━━ Supplied material ━━
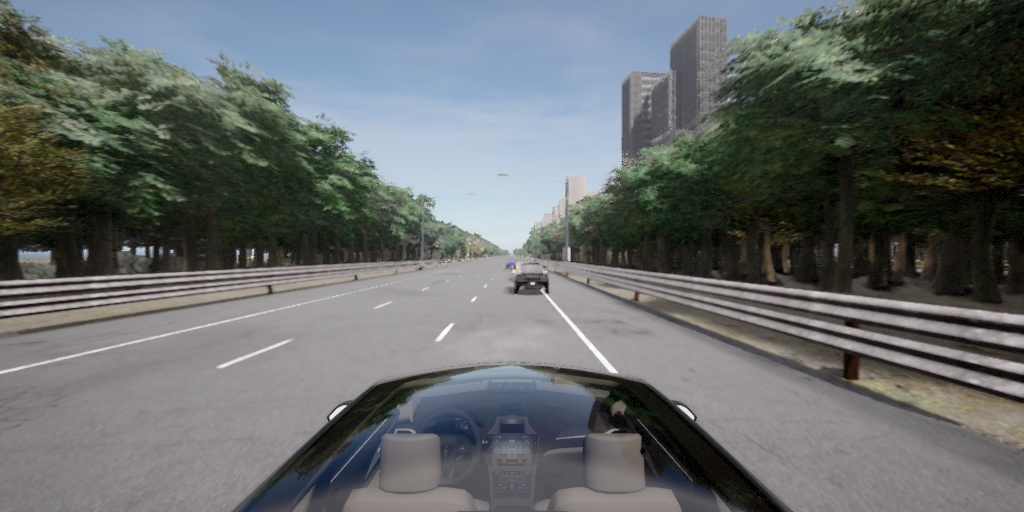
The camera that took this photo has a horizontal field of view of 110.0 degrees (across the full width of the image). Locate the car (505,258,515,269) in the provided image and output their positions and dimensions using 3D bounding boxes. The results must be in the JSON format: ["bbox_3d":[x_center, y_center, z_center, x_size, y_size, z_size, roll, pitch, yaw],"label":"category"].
[{"bbox_3d":[-0.020,1.297,57.168,1.812,1.442,4.674,0,0,0],"label":"car"}]

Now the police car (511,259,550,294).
[{"bbox_3d":[1.041,1.180,20.669,1.930,1.638,5.238,0,0,0],"label":"police car"}]
━━━
_Work required_
The answer is the listing above repeated verbatim, minus its images.

_Answer box_
The camera that took this photo has a horizontal field of view of 110.0 degrees (across the full width of the image). Locate the car (505,258,515,269) in the provided image and output their positions and dimensions using 3D bounding boxes. The results must be in the JSON format: ["bbox_3d":[x_center, y_center, z_center, x_size, y_size, z_size, roll, pitch, yaw],"label":"category"].
[{"bbox_3d":[-0.020,1.297,57.168,1.812,1.442,4.674,0,0,0],"label":"car"}]

Now the police car (511,259,550,294).
[{"bbox_3d":[1.041,1.180,20.669,1.930,1.638,5.238,0,0,0],"label":"police car"}]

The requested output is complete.